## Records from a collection
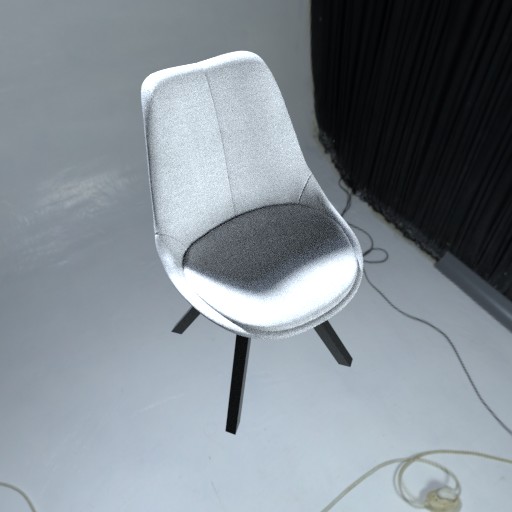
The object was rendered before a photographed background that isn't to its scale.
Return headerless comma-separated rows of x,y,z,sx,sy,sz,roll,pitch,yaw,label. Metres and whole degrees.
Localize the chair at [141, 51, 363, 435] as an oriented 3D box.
0.000,0.000,1.179,0.485,0.850,0.550,-24,52,-21,chair
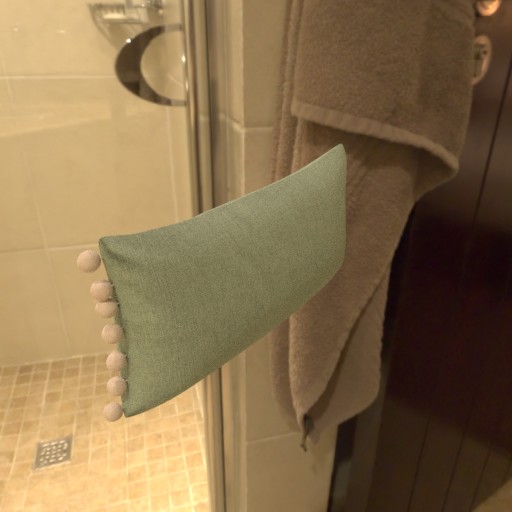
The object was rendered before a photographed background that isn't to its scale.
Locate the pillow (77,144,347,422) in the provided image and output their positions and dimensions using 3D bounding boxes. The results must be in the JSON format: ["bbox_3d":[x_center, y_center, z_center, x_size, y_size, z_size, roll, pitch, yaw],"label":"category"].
[{"bbox_3d":[0.000,0.000,0.851,0.201,0.322,0.709,19,31,33],"label":"pillow"}]
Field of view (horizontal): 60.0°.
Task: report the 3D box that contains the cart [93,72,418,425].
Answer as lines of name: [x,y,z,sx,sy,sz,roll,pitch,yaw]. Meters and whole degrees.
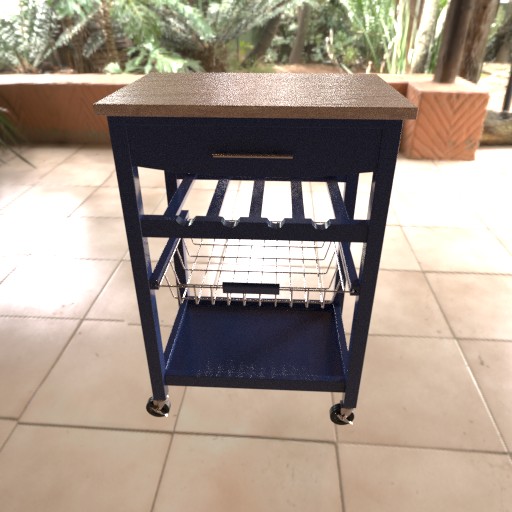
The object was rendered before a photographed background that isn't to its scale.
cart: [0.000,0.000,1.160,0.584,0.839,0.403,2,30,3]
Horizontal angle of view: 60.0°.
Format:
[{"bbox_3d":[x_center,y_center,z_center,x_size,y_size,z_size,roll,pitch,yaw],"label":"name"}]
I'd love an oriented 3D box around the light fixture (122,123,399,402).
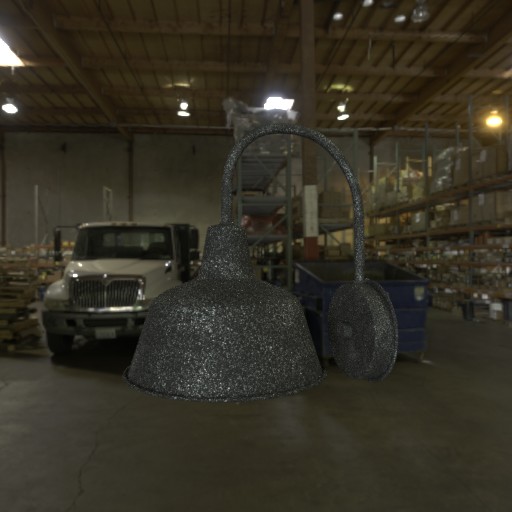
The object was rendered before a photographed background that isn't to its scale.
[{"bbox_3d":[0.000,0.000,0.491,0.283,0.300,0.216,0,0,-18],"label":"light fixture"}]
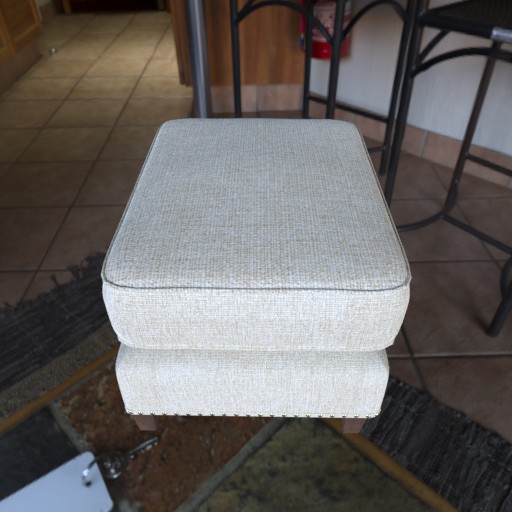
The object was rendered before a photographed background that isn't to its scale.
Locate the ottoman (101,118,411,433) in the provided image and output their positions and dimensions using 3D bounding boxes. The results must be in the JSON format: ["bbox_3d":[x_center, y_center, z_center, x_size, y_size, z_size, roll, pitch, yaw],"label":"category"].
[{"bbox_3d":[0.000,0.000,1.164,0.589,0.537,0.738,1,41,1],"label":"ottoman"}]
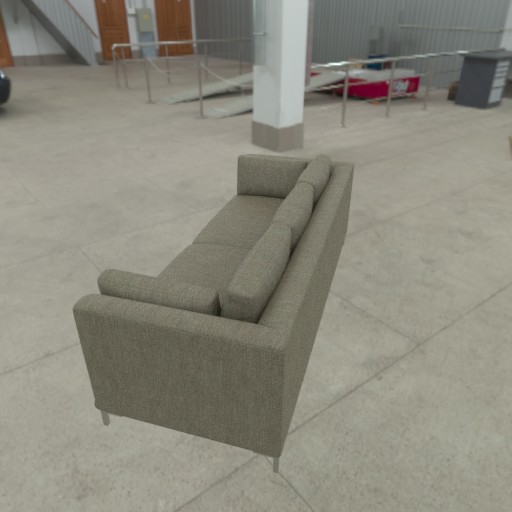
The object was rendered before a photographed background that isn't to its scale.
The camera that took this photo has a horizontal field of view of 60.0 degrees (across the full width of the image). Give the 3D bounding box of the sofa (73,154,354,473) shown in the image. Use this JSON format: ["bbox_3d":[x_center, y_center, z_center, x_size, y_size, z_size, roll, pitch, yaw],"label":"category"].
[{"bbox_3d":[0.000,0.000,2.945,0.969,0.867,2.415,9,30,15],"label":"sofa"}]
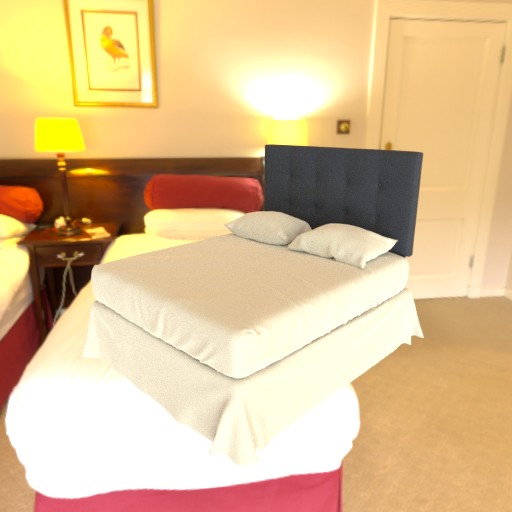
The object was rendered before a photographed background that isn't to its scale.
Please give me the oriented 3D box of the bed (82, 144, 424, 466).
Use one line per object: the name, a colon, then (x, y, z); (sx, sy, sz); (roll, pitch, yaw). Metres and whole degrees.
bed: (0.000, 0.000, 3.476); (1.936, 1.577, 2.222); (16, 23, 42)
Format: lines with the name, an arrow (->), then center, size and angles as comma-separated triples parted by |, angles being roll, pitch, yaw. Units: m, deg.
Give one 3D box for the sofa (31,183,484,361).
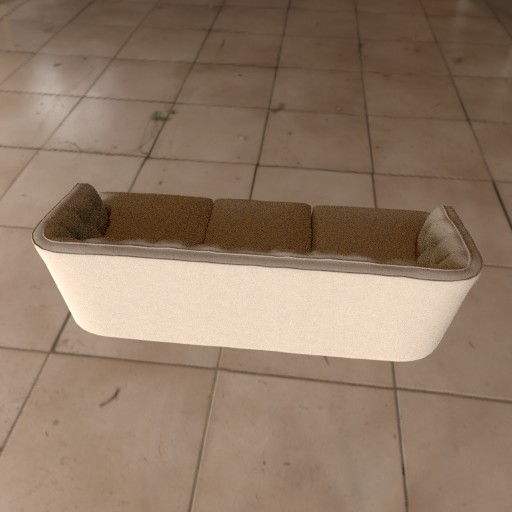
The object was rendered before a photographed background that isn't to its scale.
sofa -> 0.000, 0.000, 2.660 | 2.278, 0.855, 0.941 | 4, 47, 4
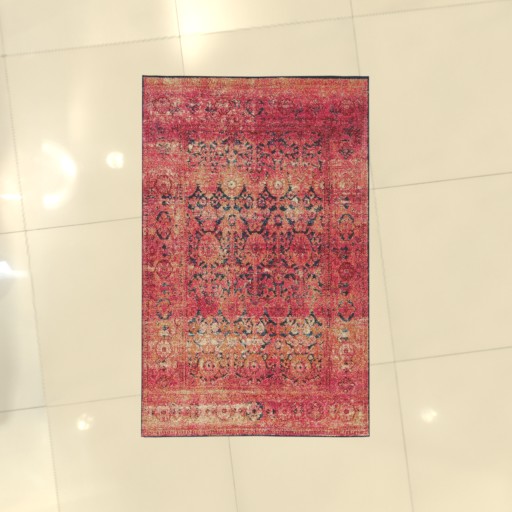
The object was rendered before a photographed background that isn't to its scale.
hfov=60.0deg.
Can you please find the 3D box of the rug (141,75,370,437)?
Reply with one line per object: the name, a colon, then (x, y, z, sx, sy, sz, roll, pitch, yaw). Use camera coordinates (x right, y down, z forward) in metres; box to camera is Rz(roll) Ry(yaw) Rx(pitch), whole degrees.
rug: (0.000, 0.000, 2.988, 1.539, 0.018, 2.449, 0, 90, -1)
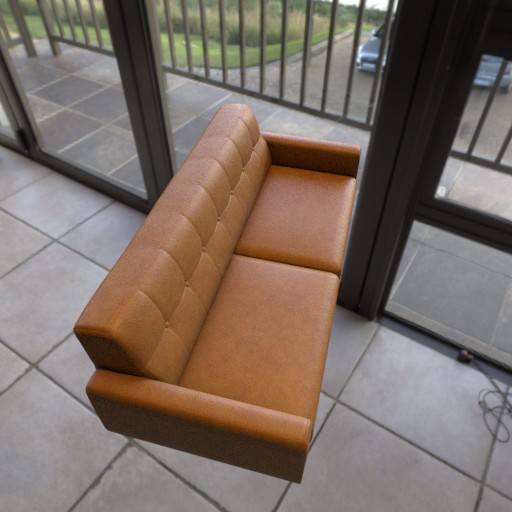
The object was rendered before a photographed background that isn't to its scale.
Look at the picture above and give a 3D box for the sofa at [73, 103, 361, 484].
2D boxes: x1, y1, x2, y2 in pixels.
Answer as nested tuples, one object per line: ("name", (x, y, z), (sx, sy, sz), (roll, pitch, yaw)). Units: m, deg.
("sofa", (0.000, 0.000, 2.538), (0.980, 0.892, 2.137), (11, 46, 10))
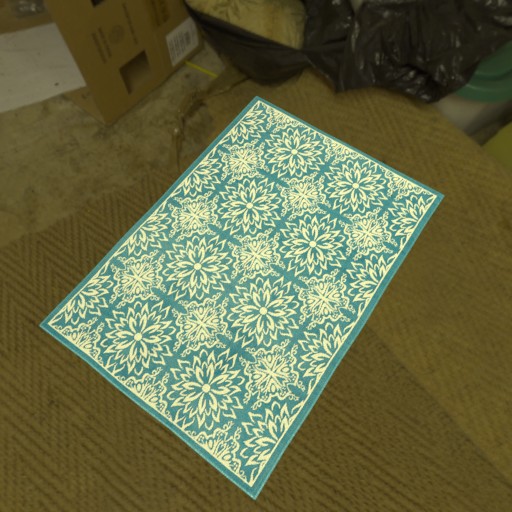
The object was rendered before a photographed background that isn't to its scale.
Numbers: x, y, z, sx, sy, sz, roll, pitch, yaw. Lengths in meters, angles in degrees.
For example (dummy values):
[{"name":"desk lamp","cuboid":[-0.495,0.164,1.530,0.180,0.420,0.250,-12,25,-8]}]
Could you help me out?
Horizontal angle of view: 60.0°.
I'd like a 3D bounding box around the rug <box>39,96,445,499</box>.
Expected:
[{"name":"rug","cuboid":[0.000,0.000,2.788,1.554,0.012,2.205,33,69,14]}]
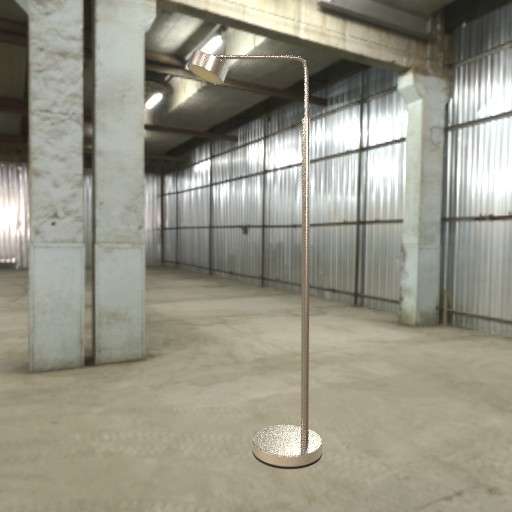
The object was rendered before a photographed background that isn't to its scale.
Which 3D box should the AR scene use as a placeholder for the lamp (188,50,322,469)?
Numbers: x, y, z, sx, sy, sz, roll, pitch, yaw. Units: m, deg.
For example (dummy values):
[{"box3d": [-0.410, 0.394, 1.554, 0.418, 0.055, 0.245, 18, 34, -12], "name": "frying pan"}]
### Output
[{"box3d": [0.000, 0.000, 1.392, 0.421, 1.250, 0.222, 0, 2, 0], "name": "lamp"}]
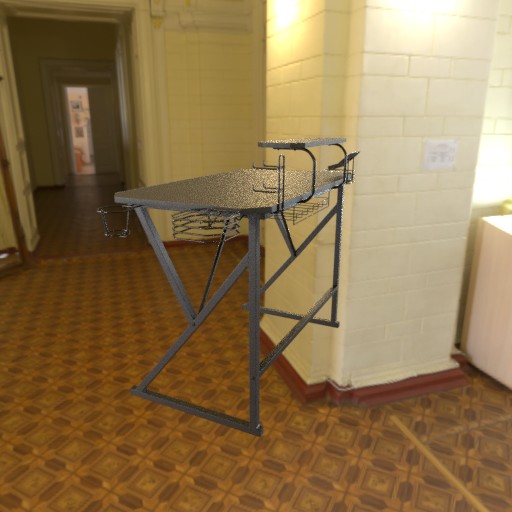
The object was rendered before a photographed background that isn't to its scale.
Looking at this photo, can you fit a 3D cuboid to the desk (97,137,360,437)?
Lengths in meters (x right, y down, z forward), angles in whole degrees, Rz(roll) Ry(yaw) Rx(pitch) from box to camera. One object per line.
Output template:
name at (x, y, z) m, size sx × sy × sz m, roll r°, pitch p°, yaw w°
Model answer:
desk at (0.000, 0.000, 1.723) m, size 0.580 × 0.880 × 1.290 m, roll 8°, pitch 18°, yaw 25°
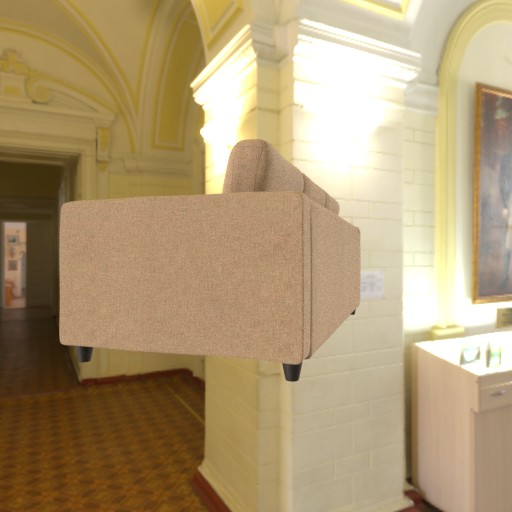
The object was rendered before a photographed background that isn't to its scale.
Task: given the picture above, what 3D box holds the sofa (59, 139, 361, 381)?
[{"bbox_3d":[0.000,0.000,2.360,0.930,0.800,1.855,0,0,18],"label":"sofa"}]
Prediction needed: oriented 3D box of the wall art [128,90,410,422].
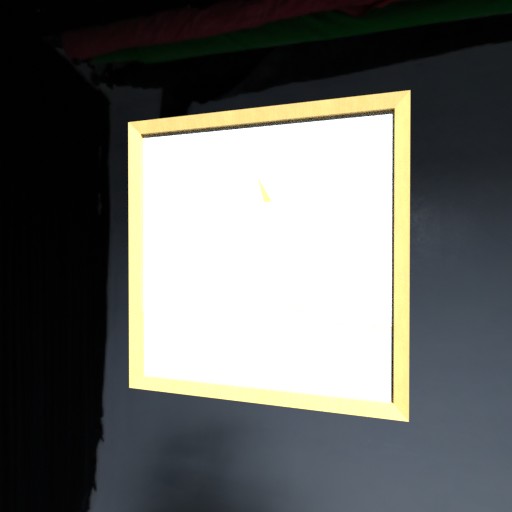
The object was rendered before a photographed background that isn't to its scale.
[{"bbox_3d":[0.000,0.000,2.956,1.935,1.936,0.097,0,1,19],"label":"wall art"}]

## Work to be completed
State only how many lines above hold the string "Numbers".

## Task result
2